We were awarded NSF grant for optical metamaterials! [Apr 10, 2012]
We were awarded by National Science Foundation more than $180K research grant for three years to advance the photonic metamaterials. The project team includes Prof. Guney (PI), co-PI Prof. Costas Soukoulis (Ames Lab, IA), and collaborator Prof. Martin Wegener (Karlsruhe Institute of Technology, Germany). Metamaterials are man-made, usually periodic structures. Under incident electromagnetic waves with wavelengths much larger than the constituent unit cells, these heterogeneous structures behave as homogeneous materials with effective electric permittivity and effective magnetic permeability. Given desired permittivity and permeability, inverse problem of finding the corresponding unit cell underlies a wide variety of exotic things not possible with conventional optics such as perfect lens, ultra-sensitive sensors, high-precision lithography, optical analog computers, antimagnets, quantum levitation, invisibility cloaks, and more [1-8]. However, practical realization of all these applications demands (1) bulk (large volume) and low-cost fabrication methods. Additionally, the most fascinating applications driving the field such as diffraction-unlimited imaging and lithography simultaneously require (2) negative index of refraction, (3) low-loss, and (4) full isotropy.
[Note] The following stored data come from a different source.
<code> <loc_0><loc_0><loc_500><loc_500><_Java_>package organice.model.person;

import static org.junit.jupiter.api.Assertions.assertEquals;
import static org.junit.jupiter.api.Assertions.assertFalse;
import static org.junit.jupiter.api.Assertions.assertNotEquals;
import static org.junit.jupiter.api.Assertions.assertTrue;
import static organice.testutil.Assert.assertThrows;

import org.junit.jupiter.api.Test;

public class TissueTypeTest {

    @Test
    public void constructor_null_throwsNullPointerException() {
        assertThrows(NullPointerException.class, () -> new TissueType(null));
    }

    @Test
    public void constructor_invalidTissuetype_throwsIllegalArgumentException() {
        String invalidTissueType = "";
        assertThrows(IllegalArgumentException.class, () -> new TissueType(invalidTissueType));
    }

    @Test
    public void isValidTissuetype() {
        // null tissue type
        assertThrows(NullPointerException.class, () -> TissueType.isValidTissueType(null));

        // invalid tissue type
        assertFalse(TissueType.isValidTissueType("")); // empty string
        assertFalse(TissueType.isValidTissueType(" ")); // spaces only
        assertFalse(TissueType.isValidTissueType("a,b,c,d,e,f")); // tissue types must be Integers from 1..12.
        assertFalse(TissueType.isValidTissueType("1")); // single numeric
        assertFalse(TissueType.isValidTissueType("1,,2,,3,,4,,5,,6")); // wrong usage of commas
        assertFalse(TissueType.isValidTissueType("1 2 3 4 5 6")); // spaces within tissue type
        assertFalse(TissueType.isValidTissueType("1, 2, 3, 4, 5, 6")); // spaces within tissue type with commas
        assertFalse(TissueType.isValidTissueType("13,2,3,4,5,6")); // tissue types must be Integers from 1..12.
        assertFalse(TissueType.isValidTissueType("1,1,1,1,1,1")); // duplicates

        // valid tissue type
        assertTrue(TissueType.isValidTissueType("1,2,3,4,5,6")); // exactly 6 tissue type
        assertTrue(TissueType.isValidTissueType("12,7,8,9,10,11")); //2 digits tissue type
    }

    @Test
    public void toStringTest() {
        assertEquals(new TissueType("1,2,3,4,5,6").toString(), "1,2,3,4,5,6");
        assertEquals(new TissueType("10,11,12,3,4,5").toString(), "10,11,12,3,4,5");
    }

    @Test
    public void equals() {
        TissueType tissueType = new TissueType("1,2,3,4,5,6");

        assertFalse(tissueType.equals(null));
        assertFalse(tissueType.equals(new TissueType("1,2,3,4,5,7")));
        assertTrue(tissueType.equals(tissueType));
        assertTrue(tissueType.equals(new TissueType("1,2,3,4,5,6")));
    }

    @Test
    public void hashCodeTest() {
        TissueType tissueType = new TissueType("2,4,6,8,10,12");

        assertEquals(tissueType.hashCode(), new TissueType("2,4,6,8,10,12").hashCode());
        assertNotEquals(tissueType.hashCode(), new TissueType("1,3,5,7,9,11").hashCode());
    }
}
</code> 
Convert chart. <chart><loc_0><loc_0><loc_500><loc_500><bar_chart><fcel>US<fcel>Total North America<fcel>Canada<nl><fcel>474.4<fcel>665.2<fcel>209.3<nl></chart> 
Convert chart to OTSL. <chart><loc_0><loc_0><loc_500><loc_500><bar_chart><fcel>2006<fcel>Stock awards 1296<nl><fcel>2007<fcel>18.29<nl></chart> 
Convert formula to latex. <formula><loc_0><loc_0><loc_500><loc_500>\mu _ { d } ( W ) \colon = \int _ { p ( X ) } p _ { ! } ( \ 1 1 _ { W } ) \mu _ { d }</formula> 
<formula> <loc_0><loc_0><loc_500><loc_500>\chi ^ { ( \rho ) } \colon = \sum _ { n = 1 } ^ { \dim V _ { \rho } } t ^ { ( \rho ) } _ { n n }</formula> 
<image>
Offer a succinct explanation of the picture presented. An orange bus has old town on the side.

To date, theoretical structures proposed to satisfy these requirements simultaneously at (5) optical ranges, have turned out to be too complex for two-dimensional lithography.
Illustration of the blueprint for STED-DLW.
The project envisions prototype bulk metamaterial operating at mid-infrared frequencies using a combined “meandering wire” concept [9] and a novel three-dimensional (3D) stimulated emission depletion microscopy-inspired direct laser writing (STED-DLW) fabrication [10-13] technique followed by electroplating of gold [14] (see Figure above).
References
[1] J. B. Pendry, Negative refraction makes a perfect lens, Phys. Rev. Lett. 85, 3966 (2005).
[2] T. Xu, Y. Zhao, J. Ma, C. Wang, J. Cui, C. Du, and X. Luo, Sub-diffraction-limited interference photolithography with metamaterials, Opt. Express 16, 13579 (2008).
[3] J. B. Pendry, D. Schurig, and D. R. Smith, Controlling electromagnetic fields, Science 312, 1780 (2006).
[4] U. Leonhardt, Optical conformal mapping, Science 312, 1777 (2006).
[5] D. Schurig, J. J. Mock, B. J. Justice, S. A. Cummer, J. B. Pendry, A. F. Starr, and D. R. Smith, Metamaterial electromagnetic cloak at microwave frequencies, Science 314, 977 (2006).
[6] U. Leonhardt and T. G. Philbin, Quantum levitation by left-handed metamaterials, New J. Phys. 9, 254 (2007).
[7] D. O. Guney and D. A. Meyer, Negative refraction gives rise to the Klein Paradox, Phys. Rev. A 79, 063834 (2009).
[8] D. A. Genov, S. Zhang, and X. Zhang, Mimicking celestial mechanics in metamaterials, Nature Phys. 5, 687 (2009).
[9] D. O. Guney, Th. Koschny, M. Kafesaki, C. M. Soukoulis, Connected bulk negative index photonic metamaterials, Opt. Lett. 34, 506 (2009).
[10] S. W. Hell and J. Wichmann, Breaking the diffraction resolution limit by stimulated emission: stimulated-emission-depletion fluorescence microscopy, Opt. Lett. 19, 780 (1994).
[11] T. A. Klar, S. Jakobs, M. Dyba, A. Egner, S. W. Hell, Fluorescence microscopy with diffraction resolution barrier broken by stimulated emission, Proc. Natl. Acad. Sci. 97, 8206 (2000).
[12] S. W. Hell, Strategy for far-field optical imaging and writing without diffraction limit, Phys. Lett. A 326, 140 (2004).
[13] S. W. Hell, Microscopy and its focal switch, Nat. Methods 6, 24 (2009).
[14] J. K. Gansel, M. Thiel, M. S. Rill, M. Decker, K. Bade, V. Saile, G. von Freymann, S. Linden, and M. Wegener, Gold helix photonic metamaterial as broadband circular polarizer, Science 325, 1513 (2009).